> ASSIGNED TASK
Return every line in the entries below where the word "object" shows up.

[Data entries]
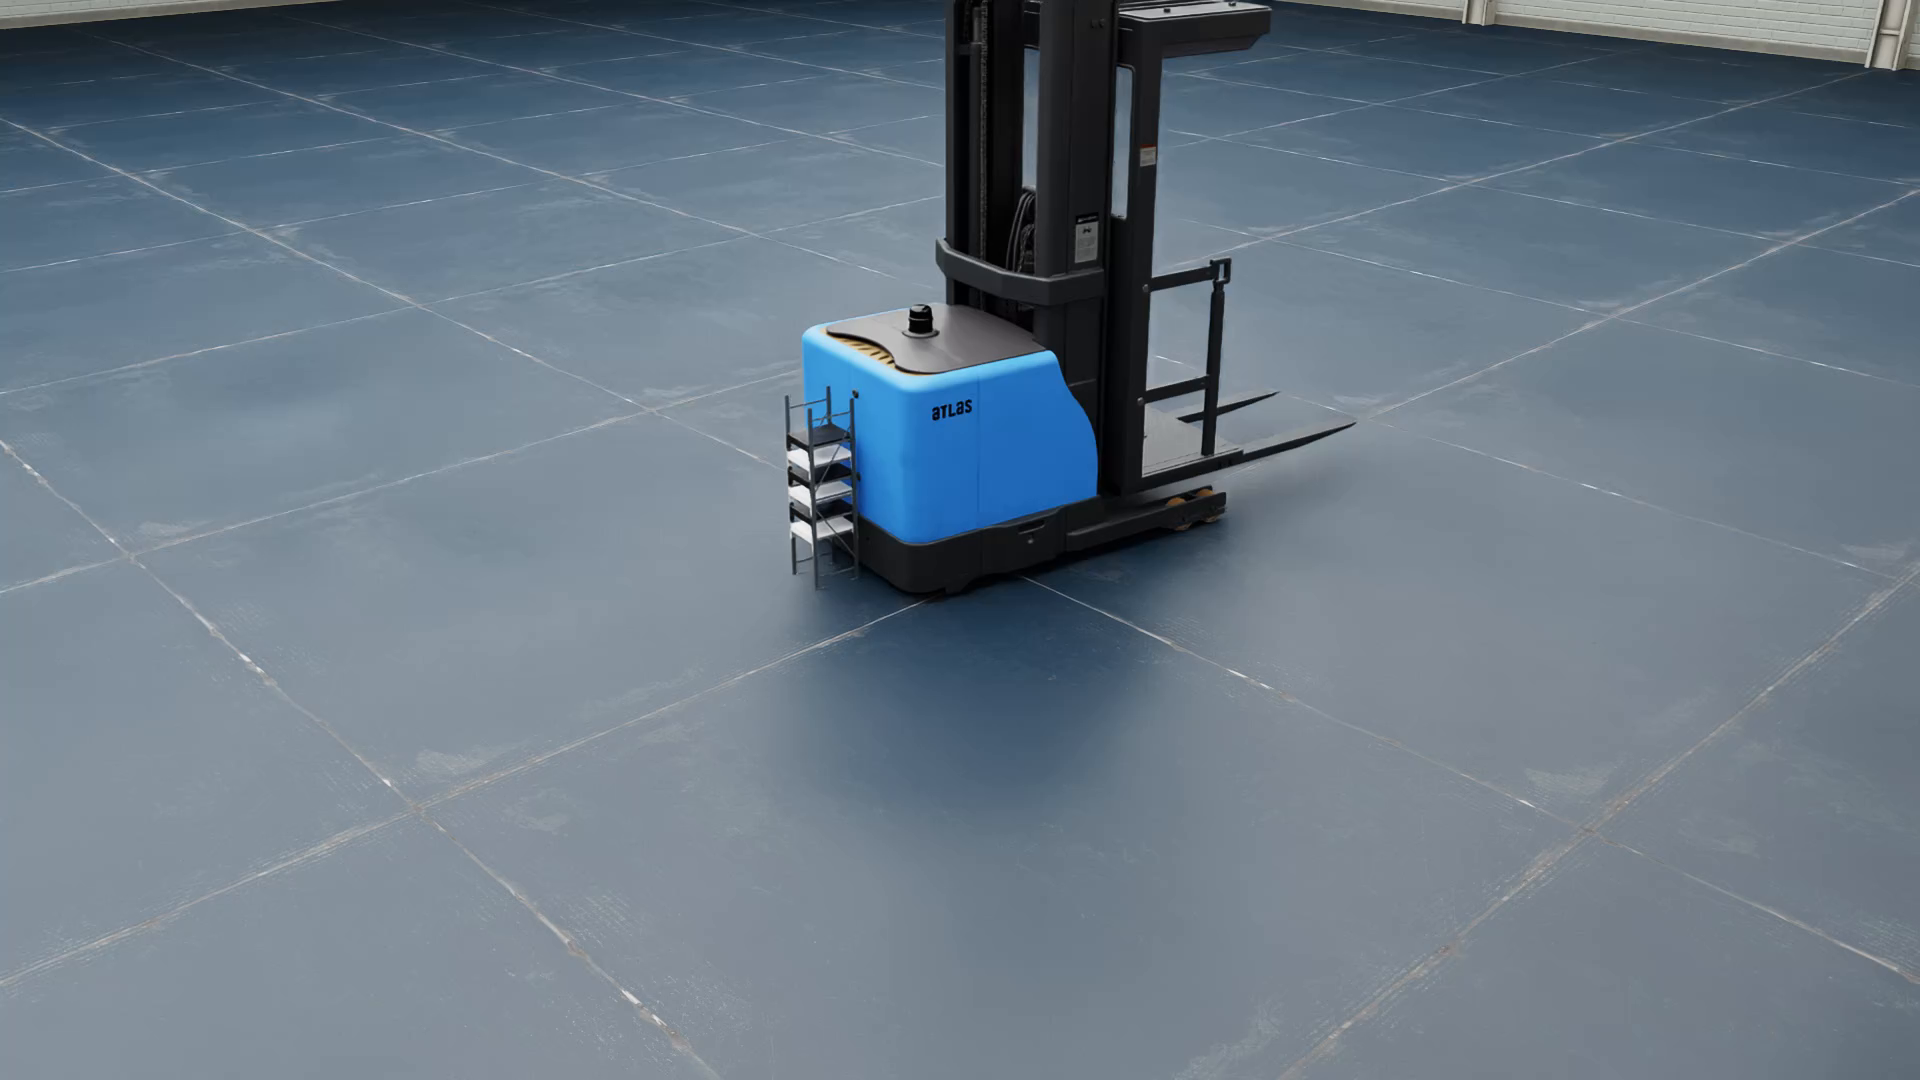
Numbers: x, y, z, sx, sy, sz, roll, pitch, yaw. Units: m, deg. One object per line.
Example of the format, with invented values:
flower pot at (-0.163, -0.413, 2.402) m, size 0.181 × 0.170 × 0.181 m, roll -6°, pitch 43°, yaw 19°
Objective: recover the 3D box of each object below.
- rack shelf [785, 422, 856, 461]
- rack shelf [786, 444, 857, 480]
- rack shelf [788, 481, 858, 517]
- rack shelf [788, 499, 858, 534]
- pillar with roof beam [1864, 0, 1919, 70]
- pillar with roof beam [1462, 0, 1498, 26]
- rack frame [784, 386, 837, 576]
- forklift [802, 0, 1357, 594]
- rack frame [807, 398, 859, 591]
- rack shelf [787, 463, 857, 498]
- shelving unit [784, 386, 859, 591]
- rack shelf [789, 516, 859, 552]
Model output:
rack shelf at (-0.635, -0.450, 7.582) m, size 0.258 × 0.077 × 0.200 m, roll -16°, pitch 29°, yaw -32°
rack shelf at (-0.635, -0.368, 7.620) m, size 0.258 × 0.077 × 0.200 m, roll -16°, pitch 29°, yaw -32°
rack shelf at (-0.635, -0.204, 7.694) m, size 0.258 × 0.077 × 0.200 m, roll -16°, pitch 29°, yaw -32°
rack shelf at (-0.635, -0.123, 7.732) m, size 0.258 × 0.077 × 0.200 m, roll -16°, pitch 29°, yaw -32°
pillar with roof beam at (9.019, -9.088, 17.329) m, size 9.100 × 9.000 × 0.400 m, roll -21°, pitch 32°, yaw -38°
pillar with roof beam at (4.918, -10.906, 21.314) m, size 9.100 × 9.000 × 0.400 m, roll -21°, pitch 32°, yaw -38°
rack frame at (-0.694, -0.269, 7.756) m, size 0.240 × 0.900 × 0.006 m, roll -16°, pitch 29°, yaw -32°
forklift at (0.743, -1.542, 8.100) m, size 3.031 × 2.935 × 1.130 m, roll -16°, pitch 29°, yaw -31°
rack frame at (-0.576, -0.200, 7.605) m, size 0.240 × 0.900 × 0.006 m, roll -16°, pitch 29°, yaw -32°
rack shelf at (-0.635, -0.286, 7.657) m, size 0.258 × 0.077 × 0.200 m, roll -16°, pitch 29°, yaw -32°
shelving unit at (-0.635, -0.235, 7.680) m, size 0.258 × 0.900 × 0.210 m, roll -16°, pitch 29°, yaw -32°
rack shelf at (-0.635, -0.041, 7.769) m, size 0.258 × 0.077 × 0.200 m, roll -16°, pitch 29°, yaw -32°

> EXPECTED OUTPUT
Numbers: x, y, z, sx, sy, sz, roll, pitch, yaw. Units: m, deg. One object per line.
Objective: recover the 3D box of each object below.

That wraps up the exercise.